- Kianga
- Coordinates: 36°12′S 150°08′E﻿ / ﻿36.200°S 150.133°E
- Country: Australia
- State: New South Wales
- LGA: Eurobodalla Shire;
- Location: 344 km (214 mi) SW of Sydney; 66 km (41 mi) S of Batemans Bay; 2 km (1.2 mi) N of Narooma;

Government
- • State electorate: Bega;
- • Federal division: Eden-Monaro;

Population
- • Total: 738 (2011 census)
- Postcode: 2546

= Kianga, New South Wales =

Kianga is a small town on the South Coast of New South Wales, Australia, immediately north of the town of Narooma. The town contains few facilities and thus relies on nearby Dalmeny and Narooma. At the 2011 census, Kianga had a population of 738.

==Access==
Kianga is situated between Dalmeny to the north and North Narooma to the south. Kianga is accessible from the north and south along Dalmeny Drive. This makes up a large portion of Tourist Drive 5 along the coastline.
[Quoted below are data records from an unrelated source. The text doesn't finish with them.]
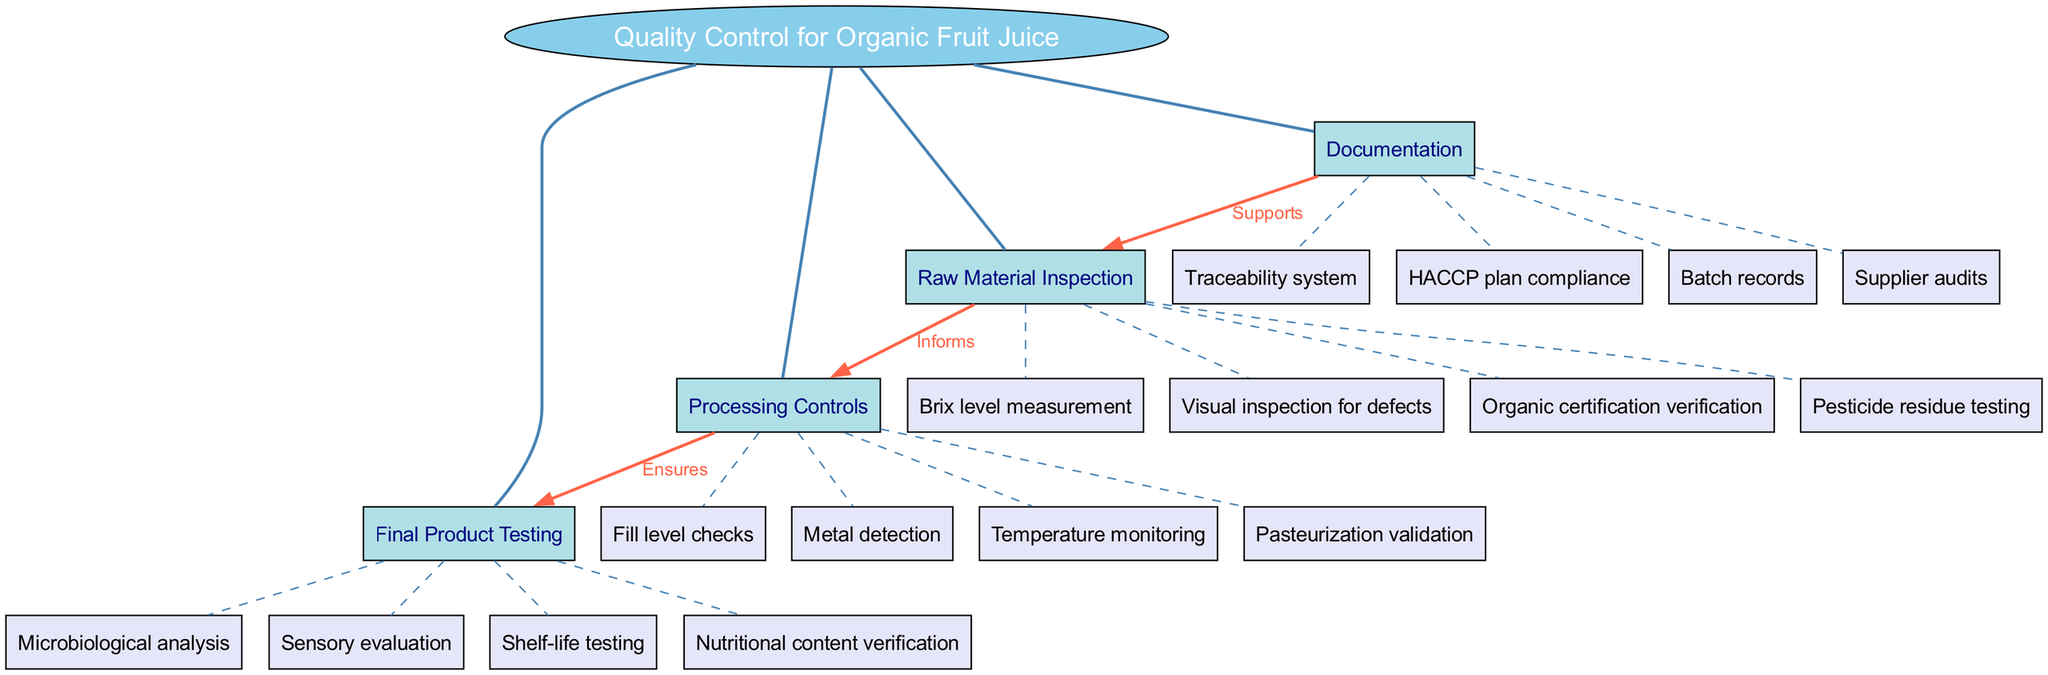What is the central concept of the diagram? The central concept is explicitly labeled as "Quality Control for Organic Fruit Juice" in the diagram.
Answer: Quality Control for Organic Fruit Juice How many main branches are there in the diagram? The diagram contains four main branches: Raw Material Inspection, Processing Controls, Final Product Testing, and Documentation. Counting these branches gives a total of four.
Answer: Four Which sub-branch falls under Raw Material Inspection? The diagram shows multiple sub-branches under Raw Material Inspection, one of which is "Pesticide residue testing." This is directly connected to the main branch.
Answer: Pesticide residue testing What relationship does "Processing Controls" have with "Final Product Testing"? The diagram indicates that "Processing Controls" ensures "Final Product Testing," as denoted by a directed edge labeled "Ensures" between the two nodes.
Answer: Ensures Which branch supports "Raw Material Inspection"? According to the diagram, "Documentation" supports "Raw Material Inspection," as indicated by a directed edge labeled "Supports" leading from "Documentation" to "Raw Material Inspection."
Answer: Documentation What type of analysis is part of Final Product Testing? From the sub-branches under Final Product Testing, "Microbiological analysis" is one specific type of analysis that is listed.
Answer: Microbiological analysis How does "Raw Material Inspection" inform "Processing Controls"? The diagram specifies a directed edge labeled "Informs" connecting "Raw Material Inspection" to "Processing Controls," indicating that findings from the inspection process inform the controls applied during processing.
Answer: Informs What is the label on the edge connecting Documentation to Raw Material Inspection? The edge connecting "Documentation" to "Raw Material Inspection" is labeled "Supports," indicating the relationship defined in the diagram.
Answer: Supports Which sub-branch represents "Nutritional content verification"? The sub-branch "Nutritional content verification" is specifically listed under the main branch "Final Product Testing" in the diagram.
Answer: Nutritional content verification

There are bus routes that run through Kianga connecting the town with the rest of the south coast. The Narooma to Dalmeny Cycleway also passes along the coast through Kianga allowing for access on foot or by bicycle

==Beaches==
There are three beaches in Kianga, Kianga Beach, Kianga Reef Beach and Carters Beach. Kianga Lake is part of the Batemans Marine Park and is classified as a Sanctuary Zone, prohibiting all types of recreational fishing. The mouth of the lake marks the latitude (36°11.536′S) where the ocean zoning changes from General Use Zone, north of the latitudinal line to Habitat Protection Zone, south of the line.

==Other==
The sewage treatment plant, west of Kianga, services the local area including Dalmeny and Narooma.